Starting with the line containing "Your answer should be very brief. 0.95." and going on through the line containing "Your response must be concise. 1.02.", return the lines of the data below exactly, and only those.
Segment Start: EXTRACTED INFORMATION
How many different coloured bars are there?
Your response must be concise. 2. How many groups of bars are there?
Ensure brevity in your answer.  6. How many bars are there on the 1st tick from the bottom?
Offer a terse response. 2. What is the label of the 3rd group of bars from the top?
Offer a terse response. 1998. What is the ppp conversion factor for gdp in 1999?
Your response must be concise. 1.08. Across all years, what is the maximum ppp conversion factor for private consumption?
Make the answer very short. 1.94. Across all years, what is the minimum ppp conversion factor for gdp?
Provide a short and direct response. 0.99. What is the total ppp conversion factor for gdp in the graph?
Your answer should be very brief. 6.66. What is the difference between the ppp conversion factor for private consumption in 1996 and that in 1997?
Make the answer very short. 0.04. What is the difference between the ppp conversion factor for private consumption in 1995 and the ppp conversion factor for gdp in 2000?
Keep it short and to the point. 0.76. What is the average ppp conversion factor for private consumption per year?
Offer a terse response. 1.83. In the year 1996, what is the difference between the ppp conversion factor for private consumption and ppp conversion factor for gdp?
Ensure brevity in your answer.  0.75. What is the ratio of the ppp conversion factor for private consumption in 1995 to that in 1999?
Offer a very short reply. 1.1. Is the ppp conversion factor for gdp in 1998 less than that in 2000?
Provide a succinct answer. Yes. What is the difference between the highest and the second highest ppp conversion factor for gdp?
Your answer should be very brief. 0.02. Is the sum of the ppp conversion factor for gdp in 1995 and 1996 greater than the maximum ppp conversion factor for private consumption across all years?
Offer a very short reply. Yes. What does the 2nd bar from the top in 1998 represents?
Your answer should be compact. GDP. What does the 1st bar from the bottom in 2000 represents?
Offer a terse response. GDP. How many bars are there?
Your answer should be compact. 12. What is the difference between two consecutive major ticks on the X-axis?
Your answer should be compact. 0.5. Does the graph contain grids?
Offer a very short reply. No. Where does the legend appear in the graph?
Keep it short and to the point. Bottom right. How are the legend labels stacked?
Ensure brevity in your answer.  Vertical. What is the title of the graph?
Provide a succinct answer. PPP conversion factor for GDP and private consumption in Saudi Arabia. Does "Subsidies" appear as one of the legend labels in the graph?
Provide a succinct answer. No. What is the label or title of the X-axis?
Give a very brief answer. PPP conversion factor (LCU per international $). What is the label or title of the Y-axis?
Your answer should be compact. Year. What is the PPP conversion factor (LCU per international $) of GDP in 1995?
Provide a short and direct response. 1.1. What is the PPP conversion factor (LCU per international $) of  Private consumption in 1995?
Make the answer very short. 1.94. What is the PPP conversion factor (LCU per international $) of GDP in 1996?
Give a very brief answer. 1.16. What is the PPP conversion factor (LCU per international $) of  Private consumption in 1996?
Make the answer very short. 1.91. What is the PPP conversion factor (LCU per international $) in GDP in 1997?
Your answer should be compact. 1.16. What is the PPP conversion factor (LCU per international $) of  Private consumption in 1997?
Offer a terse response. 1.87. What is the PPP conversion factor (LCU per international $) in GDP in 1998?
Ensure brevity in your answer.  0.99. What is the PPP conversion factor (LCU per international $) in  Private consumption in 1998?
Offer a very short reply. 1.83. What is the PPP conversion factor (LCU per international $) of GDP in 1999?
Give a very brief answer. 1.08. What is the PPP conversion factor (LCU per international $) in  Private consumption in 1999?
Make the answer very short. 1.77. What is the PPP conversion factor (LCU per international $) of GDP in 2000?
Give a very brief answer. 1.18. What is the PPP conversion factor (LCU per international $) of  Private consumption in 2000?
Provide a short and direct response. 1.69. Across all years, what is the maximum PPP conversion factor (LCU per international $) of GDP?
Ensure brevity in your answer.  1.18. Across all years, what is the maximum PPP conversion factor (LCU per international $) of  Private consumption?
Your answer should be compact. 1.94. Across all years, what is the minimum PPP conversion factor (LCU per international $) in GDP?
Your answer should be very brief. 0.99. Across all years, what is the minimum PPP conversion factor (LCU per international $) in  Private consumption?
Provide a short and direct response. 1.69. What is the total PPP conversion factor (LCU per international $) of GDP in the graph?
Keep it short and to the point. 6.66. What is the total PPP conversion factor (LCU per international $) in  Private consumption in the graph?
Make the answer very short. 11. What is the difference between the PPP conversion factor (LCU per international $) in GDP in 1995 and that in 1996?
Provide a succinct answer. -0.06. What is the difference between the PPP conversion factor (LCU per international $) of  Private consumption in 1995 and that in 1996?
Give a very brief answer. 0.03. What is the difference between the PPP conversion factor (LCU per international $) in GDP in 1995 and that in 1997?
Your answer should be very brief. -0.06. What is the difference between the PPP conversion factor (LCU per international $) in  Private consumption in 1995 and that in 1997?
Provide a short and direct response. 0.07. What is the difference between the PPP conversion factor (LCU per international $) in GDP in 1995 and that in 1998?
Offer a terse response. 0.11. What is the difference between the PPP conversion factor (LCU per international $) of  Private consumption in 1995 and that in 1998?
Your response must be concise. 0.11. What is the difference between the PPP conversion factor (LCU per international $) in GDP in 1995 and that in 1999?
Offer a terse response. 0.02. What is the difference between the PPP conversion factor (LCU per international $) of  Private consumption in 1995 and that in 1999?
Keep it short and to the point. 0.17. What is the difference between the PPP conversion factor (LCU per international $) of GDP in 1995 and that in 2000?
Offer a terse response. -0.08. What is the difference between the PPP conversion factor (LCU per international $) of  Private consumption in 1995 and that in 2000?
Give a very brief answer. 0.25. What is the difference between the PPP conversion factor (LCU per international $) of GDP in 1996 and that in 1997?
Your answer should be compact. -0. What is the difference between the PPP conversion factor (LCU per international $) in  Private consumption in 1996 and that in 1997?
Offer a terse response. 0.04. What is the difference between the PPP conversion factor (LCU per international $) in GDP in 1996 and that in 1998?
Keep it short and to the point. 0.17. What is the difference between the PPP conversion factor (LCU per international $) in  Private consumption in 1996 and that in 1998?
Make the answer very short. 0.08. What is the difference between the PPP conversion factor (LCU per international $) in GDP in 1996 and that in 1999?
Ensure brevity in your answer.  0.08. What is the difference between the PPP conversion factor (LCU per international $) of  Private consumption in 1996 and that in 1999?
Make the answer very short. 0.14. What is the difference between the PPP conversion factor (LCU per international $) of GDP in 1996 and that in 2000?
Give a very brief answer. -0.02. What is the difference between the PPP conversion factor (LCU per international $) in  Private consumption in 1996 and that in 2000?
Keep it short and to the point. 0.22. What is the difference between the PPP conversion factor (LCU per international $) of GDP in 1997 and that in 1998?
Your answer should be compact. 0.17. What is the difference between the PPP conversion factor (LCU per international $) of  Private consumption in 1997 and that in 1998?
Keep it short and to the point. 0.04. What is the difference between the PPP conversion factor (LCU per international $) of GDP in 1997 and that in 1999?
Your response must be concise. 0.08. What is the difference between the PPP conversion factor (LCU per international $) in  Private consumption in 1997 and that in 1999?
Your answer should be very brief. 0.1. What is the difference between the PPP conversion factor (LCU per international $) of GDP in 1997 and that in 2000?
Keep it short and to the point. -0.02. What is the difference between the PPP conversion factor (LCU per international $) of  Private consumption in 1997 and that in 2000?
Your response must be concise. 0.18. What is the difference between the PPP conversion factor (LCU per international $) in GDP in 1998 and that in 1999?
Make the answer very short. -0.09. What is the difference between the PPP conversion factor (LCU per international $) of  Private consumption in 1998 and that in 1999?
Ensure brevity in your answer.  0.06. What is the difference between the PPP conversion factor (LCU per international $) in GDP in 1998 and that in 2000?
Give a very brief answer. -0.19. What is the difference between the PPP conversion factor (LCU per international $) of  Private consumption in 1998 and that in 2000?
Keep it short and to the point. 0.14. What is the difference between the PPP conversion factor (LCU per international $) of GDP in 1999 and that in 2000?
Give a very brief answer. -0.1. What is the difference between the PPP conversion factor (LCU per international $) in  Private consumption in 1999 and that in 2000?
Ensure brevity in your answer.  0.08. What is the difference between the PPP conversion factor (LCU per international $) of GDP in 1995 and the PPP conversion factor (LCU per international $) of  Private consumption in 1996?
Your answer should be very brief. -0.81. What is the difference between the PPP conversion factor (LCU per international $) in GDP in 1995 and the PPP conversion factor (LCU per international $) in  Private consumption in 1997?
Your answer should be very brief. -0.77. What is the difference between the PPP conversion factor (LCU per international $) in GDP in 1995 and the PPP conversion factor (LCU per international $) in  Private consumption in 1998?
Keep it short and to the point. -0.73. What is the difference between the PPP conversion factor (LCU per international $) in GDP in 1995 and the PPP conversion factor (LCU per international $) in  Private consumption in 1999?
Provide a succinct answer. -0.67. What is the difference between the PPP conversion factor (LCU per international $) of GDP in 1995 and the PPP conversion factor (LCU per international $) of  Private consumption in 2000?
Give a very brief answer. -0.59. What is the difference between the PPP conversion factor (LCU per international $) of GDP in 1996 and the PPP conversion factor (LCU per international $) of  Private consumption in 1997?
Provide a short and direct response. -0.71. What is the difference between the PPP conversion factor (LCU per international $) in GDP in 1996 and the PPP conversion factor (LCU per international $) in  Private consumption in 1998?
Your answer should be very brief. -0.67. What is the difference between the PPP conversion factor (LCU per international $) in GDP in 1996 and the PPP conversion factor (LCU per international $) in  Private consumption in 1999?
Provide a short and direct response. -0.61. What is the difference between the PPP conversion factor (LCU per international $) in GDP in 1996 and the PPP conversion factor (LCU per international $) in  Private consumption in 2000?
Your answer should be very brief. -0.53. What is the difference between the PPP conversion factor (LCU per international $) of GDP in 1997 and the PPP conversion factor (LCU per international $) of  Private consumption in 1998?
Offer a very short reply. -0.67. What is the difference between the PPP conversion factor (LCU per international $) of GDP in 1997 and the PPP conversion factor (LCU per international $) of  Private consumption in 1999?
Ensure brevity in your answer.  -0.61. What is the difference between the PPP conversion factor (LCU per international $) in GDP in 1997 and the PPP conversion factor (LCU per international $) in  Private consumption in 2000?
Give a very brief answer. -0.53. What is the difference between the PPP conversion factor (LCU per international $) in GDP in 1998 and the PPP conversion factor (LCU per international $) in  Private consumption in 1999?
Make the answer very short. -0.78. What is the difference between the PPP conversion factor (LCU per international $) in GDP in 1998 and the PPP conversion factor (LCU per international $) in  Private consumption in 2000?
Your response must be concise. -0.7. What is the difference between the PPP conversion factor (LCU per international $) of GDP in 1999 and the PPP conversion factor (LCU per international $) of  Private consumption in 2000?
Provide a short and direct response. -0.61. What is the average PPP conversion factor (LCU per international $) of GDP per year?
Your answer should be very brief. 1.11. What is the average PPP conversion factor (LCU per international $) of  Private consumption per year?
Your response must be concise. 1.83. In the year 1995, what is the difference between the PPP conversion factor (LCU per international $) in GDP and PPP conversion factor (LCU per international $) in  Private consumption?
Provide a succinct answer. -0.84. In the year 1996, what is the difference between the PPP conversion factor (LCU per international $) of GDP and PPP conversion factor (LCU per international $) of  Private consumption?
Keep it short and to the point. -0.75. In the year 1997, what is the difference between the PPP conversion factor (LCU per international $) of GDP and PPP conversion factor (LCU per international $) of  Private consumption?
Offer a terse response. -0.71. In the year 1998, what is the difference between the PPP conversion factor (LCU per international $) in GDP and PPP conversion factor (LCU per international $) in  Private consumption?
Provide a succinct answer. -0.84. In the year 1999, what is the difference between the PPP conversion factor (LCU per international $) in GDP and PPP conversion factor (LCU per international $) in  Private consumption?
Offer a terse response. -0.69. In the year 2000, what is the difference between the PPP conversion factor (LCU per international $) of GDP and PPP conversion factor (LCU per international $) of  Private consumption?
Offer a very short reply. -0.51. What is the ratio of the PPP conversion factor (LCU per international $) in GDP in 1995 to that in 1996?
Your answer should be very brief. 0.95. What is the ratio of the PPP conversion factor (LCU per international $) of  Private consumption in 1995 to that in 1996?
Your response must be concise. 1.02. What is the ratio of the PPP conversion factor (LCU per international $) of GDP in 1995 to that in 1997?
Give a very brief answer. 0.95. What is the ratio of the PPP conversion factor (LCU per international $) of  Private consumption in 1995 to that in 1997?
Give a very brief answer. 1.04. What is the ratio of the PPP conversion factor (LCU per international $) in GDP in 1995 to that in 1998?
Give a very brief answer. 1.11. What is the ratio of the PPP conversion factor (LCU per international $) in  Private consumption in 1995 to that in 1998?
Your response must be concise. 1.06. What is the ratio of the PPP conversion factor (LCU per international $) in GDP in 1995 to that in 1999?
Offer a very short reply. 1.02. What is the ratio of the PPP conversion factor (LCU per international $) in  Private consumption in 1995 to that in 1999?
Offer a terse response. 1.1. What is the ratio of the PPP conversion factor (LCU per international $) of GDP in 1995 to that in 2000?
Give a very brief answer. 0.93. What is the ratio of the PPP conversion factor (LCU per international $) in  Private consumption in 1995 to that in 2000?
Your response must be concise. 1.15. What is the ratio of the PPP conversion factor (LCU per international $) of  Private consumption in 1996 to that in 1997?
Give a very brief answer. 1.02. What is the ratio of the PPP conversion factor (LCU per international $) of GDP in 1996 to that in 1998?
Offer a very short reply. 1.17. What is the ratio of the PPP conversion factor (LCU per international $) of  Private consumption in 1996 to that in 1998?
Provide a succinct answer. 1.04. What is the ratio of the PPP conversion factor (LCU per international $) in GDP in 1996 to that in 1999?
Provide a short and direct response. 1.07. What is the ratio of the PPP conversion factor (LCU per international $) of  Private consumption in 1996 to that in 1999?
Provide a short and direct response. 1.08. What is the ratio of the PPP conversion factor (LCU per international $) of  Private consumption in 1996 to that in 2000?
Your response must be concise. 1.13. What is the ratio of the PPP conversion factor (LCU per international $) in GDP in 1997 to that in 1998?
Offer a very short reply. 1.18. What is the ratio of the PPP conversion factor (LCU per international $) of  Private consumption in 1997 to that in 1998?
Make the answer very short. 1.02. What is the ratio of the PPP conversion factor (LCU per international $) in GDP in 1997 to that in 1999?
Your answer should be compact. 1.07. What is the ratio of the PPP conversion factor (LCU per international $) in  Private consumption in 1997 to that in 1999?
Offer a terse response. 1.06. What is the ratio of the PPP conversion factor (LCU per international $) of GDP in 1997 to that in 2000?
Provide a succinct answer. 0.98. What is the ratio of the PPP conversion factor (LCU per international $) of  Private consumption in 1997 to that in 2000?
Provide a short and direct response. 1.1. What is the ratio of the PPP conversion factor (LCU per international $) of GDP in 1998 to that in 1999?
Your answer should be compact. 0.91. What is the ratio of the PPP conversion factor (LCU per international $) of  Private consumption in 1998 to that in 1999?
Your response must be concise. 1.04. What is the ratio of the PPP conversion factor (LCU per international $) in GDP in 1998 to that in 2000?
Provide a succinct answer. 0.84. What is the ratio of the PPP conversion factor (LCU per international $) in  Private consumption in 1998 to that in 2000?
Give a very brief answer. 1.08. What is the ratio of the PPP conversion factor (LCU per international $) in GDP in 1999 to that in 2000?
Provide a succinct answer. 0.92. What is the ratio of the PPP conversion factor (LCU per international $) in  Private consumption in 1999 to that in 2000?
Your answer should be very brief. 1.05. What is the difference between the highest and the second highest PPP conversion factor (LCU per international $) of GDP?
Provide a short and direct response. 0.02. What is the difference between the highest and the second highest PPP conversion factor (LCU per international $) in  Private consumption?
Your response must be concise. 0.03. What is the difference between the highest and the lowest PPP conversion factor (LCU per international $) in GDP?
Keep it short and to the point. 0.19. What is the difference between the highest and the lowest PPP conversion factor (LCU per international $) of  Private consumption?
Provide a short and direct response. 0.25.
Segment End: EXTRACTED INFORMATION
- _EXERCISE ANSWER_:
Your answer should be very brief. 0.95. What is the ratio of the PPP conversion factor (LCU per international $) of  Private consumption in 1995 to that in 1996?
Your response must be concise. 1.02. What is the ratio of the PPP conversion factor (LCU per international $) of GDP in 1995 to that in 1997?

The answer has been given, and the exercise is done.